_Task to complete:_ Make an exact copy of all the records that follow, apart from the pictures.

(Beginning of Extracted records)

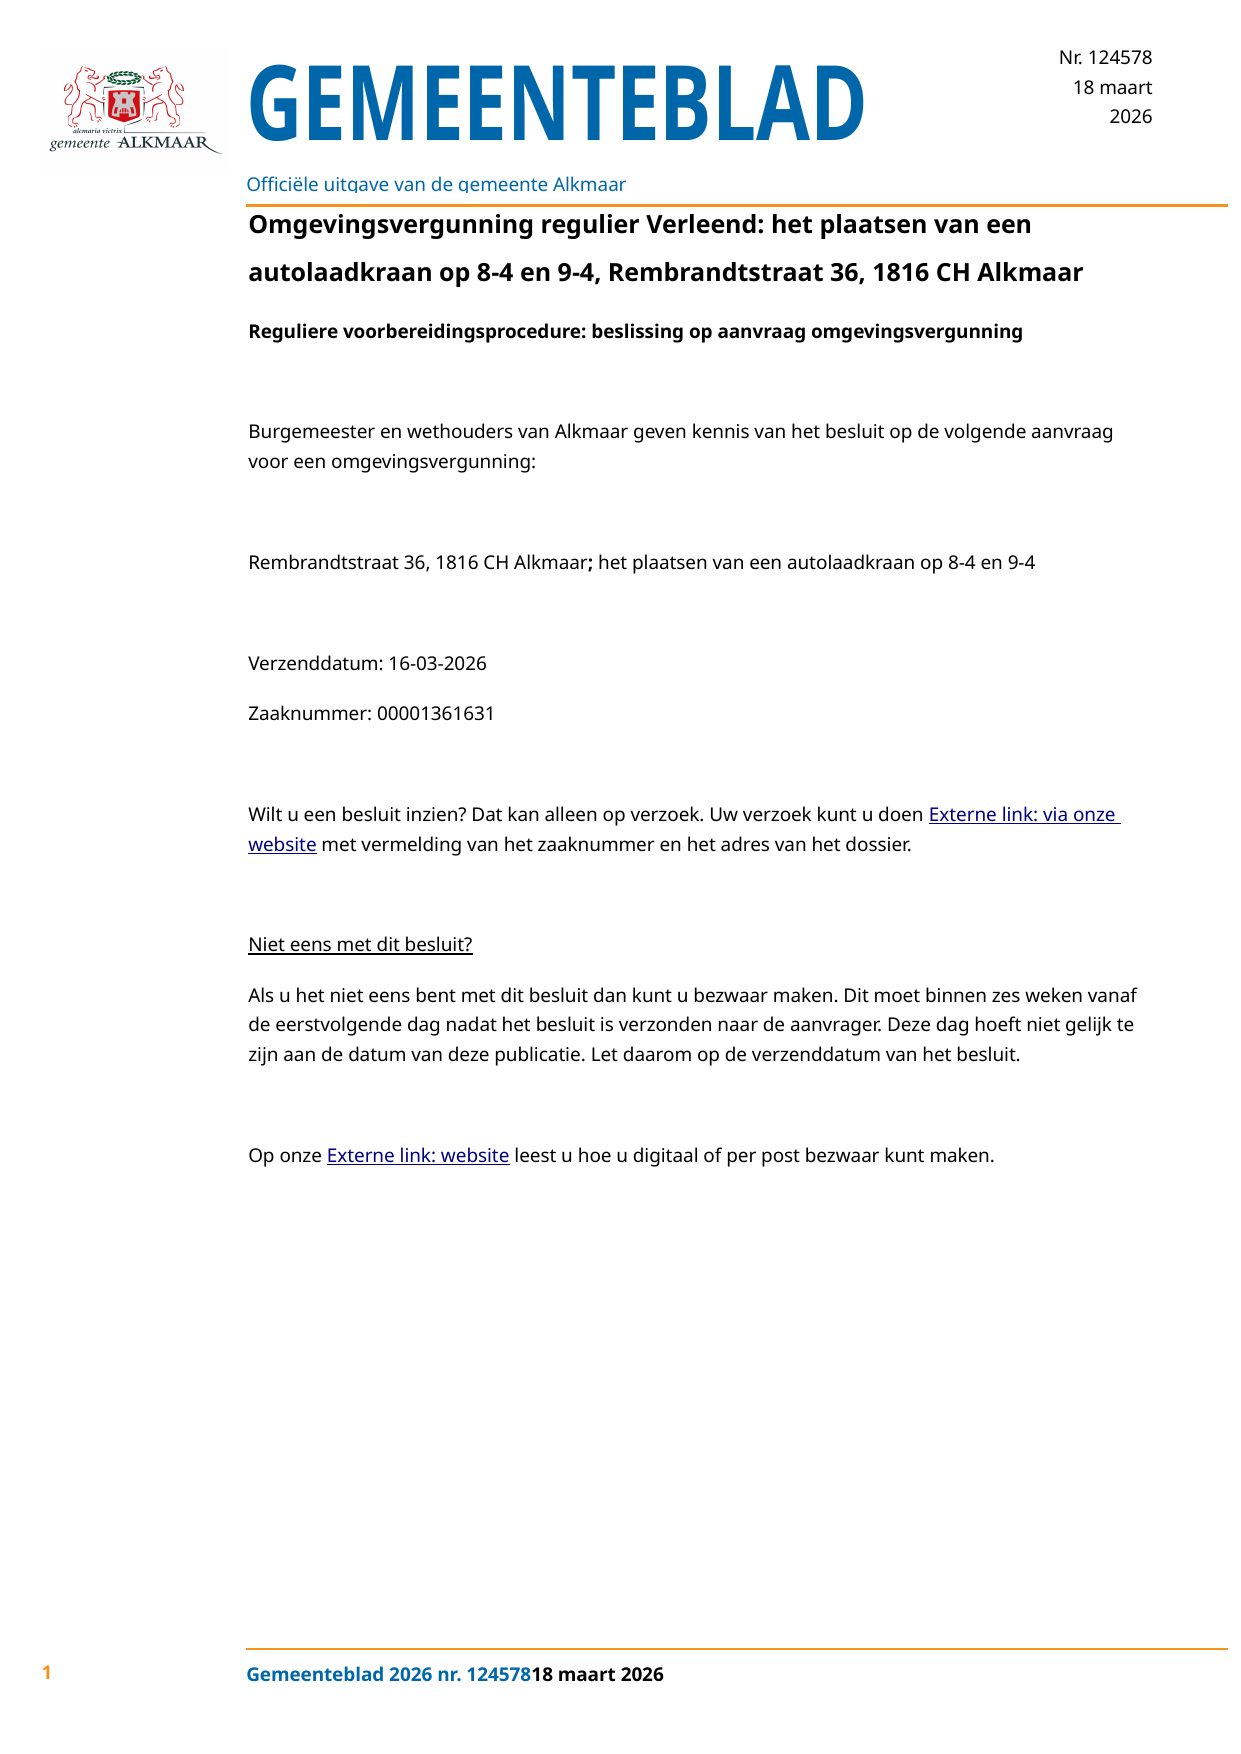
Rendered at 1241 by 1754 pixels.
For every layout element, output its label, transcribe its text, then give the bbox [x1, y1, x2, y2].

text Verzenddatum: 16-03-2026 [248, 650, 1152, 676]
text Omgevingsvergunning regulier Verleend: het plaatsen van een autolaadkraan op 8-4 en 9-4, Rembrandtstraat 36, 1816 CH Alkmaar [248, 207, 1152, 288]
text Reguliere voorbereidingsprocedure: beslissing op aanvraag omgevingsvergunning [248, 318, 1152, 344]
text Wilt u een besluit inzien? Dat kan alleen op verzoek. Uw verzoek kunt u doen Externe link: via onze website met vermelding van het zaaknummer en het adres van het dossier. [248, 801, 1152, 857]
text Als u het niet eens bent met dit besluit dan kunt u bezwaar maken. Dit moet binnen zes weken vanaf de eerstvolgende dag nadat het besluit is verzonden naar de aanvrager. Deze dag hoeft niet gelijk te zijn aan de datum van deze publicatie. Let daarom op de verzenddatum van het besluit. [248, 982, 1152, 1067]
text Niet eens met dit besluit? [248, 932, 1152, 957]
text Rembrandtstraat 36, 1816 CH Alkmaar; het plaatsen van een autolaadkraan op 8-4 en 9-4 [248, 549, 1152, 575]
text Burgemeester en wethouders van Alkmaar geven kennis van het besluit op de volgende aanvraag voor een omgevingsvergunning: [248, 419, 1152, 474]
text Op onze Externe link: website leest u hoe u digitaal of per post bezwaar kunt maken. [248, 1142, 1152, 1168]
picture [41, 47, 231, 172]
text Zaaknummer: 00001361631 [248, 700, 1152, 726]

(End of Extracted records)

_Completed exercise:_
Rendered at 1241 by 1754 pixels.
For every layout element, output its label, transcribe its text, then give the bbox [x1, y1, x2, y2].

text Verzenddatum: 16-03-2026 [248, 650, 1152, 676]
text Omgevingsvergunning regulier Verleend: het plaatsen van een autolaadkraan op 8-4 en 9-4, Rembrandtstraat 36, 1816 CH Alkmaar [248, 207, 1152, 288]
text Reguliere voorbereidingsprocedure: beslissing op aanvraag omgevingsvergunning [248, 318, 1152, 344]
text Wilt u een besluit inzien? Dat kan alleen op verzoek. Uw verzoek kunt u doen Externe link: via onze website met vermelding van het zaaknummer en het adres van het dossier. [248, 801, 1152, 857]
text Als u het niet eens bent met dit besluit dan kunt u bezwaar maken. Dit moet binnen zes weken vanaf de eerstvolgende dag nadat het besluit is verzonden naar de aanvrager. Deze dag hoeft niet gelijk te zijn aan de datum van deze publicatie. Let daarom op de verzenddatum van het besluit. [248, 982, 1152, 1067]
text Niet eens met dit besluit? [248, 932, 1152, 957]
text Rembrandtstraat 36, 1816 CH Alkmaar; het plaatsen van een autolaadkraan op 8-4 en 9-4 [248, 549, 1152, 575]
text Burgemeester en wethouders van Alkmaar geven kennis van het besluit op de volgende aanvraag voor een omgevingsvergunning: [248, 419, 1152, 474]
text Op onze Externe link: website leest u hoe u digitaal of per post bezwaar kunt maken. [248, 1142, 1152, 1168]
picture [41, 47, 231, 172]
text Zaaknummer: 00001361631 [248, 700, 1152, 726]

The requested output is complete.